[Dataset excerpts]
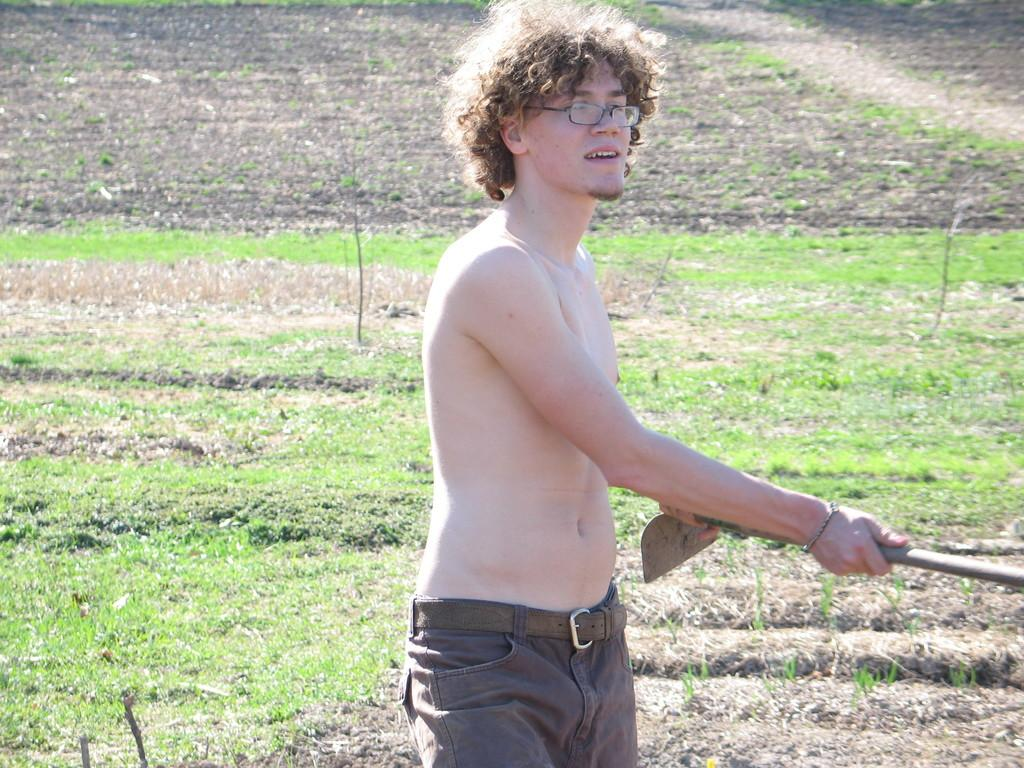What can be seen in the image? There is a person in the image. What is the person holding in their hand? The person is holding an object in their hand. What type of surface is visible at the bottom of the image? There is grass at the bottom of the image. Can you see a tiger walking through the grass in the image? No, there is no tiger present in the image. 
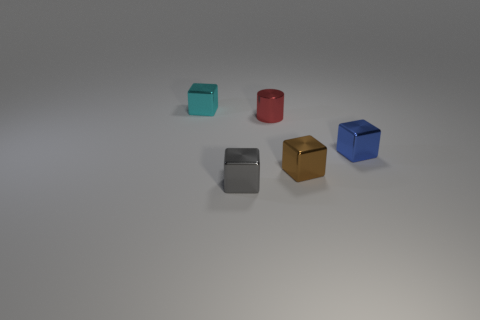There is a thing that is in front of the brown thing; is it the same shape as the small cyan object?
Keep it short and to the point. Yes. Are there any small red metallic objects?
Your answer should be compact. Yes. Is there anything else that has the same shape as the red thing?
Your response must be concise. No. Is the number of gray shiny blocks in front of the red object greater than the number of green metal cylinders?
Ensure brevity in your answer.  Yes. There is a small brown metallic thing; are there any tiny brown shiny things left of it?
Provide a succinct answer. No. The gray thing that is the same shape as the small blue thing is what size?
Offer a terse response. Small. Is there anything else that has the same size as the brown shiny object?
Give a very brief answer. Yes. What is the material of the block that is to the left of the metal object that is in front of the brown shiny block?
Provide a succinct answer. Metal. Does the tiny blue metallic thing have the same shape as the small red metallic thing?
Provide a succinct answer. No. What number of small objects are in front of the brown object and behind the brown metallic block?
Keep it short and to the point. 0. 
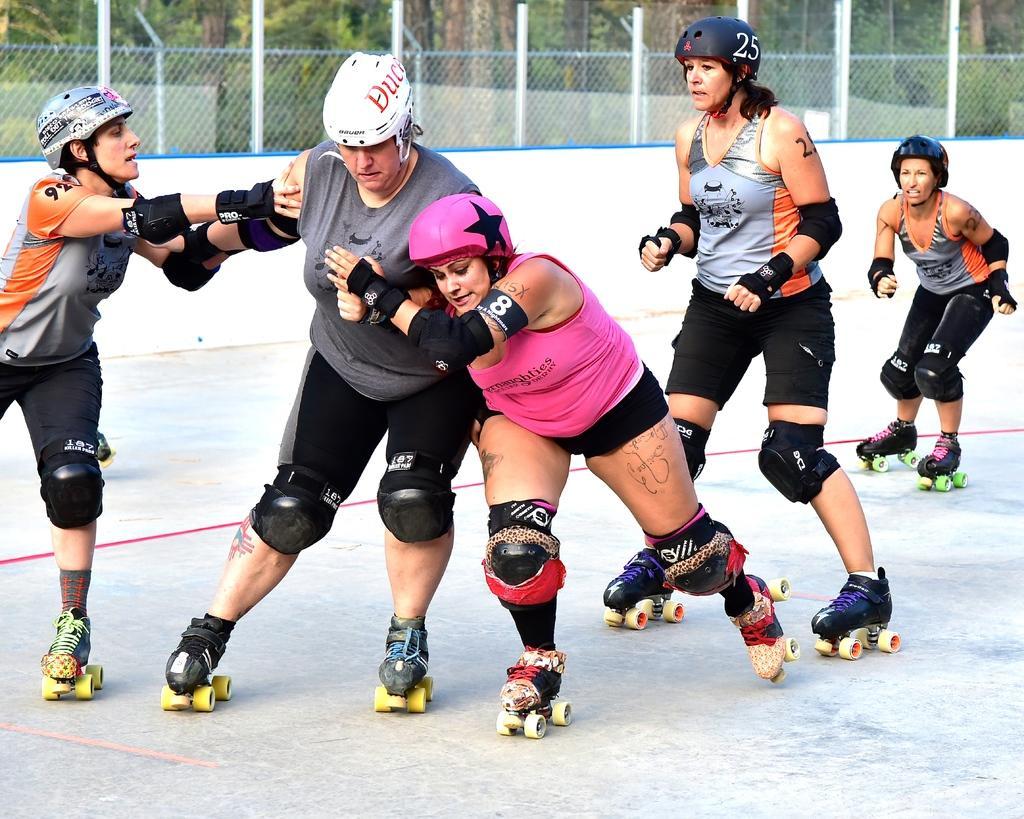Can you describe this image briefly? In this image, we can see people wearing roller skates and in the background, there are trees and we can see a fence. At the bottom, there is ground. 
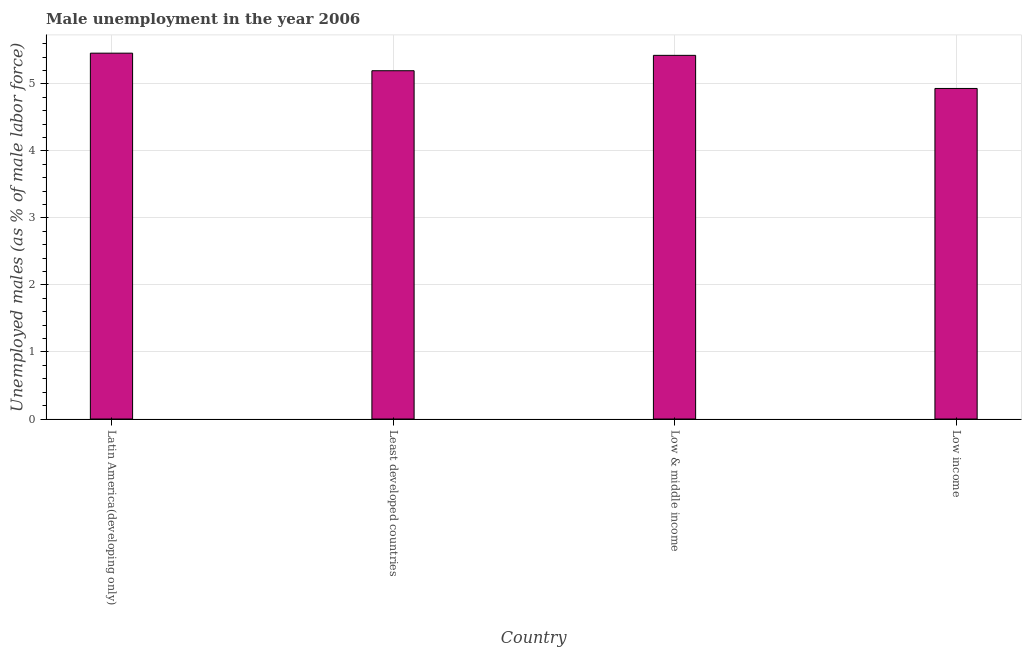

What to produce: Lines holding "shiny": copy each one from the records above.

Written solution:
Your response must be concise. No. Is the number of gray shiny blocks in front of the red object greater than the number of green metal cylinders?
Ensure brevity in your answer.  Yes. There is a small brown metallic thing; are there any tiny brown shiny things left of it?
Offer a terse response. Small. Is there anything else that has the same size as the brown shiny object?
Give a very brief answer. Yes. What is the material of the block that is to the left of the metal object that is in front of the brown shiny block?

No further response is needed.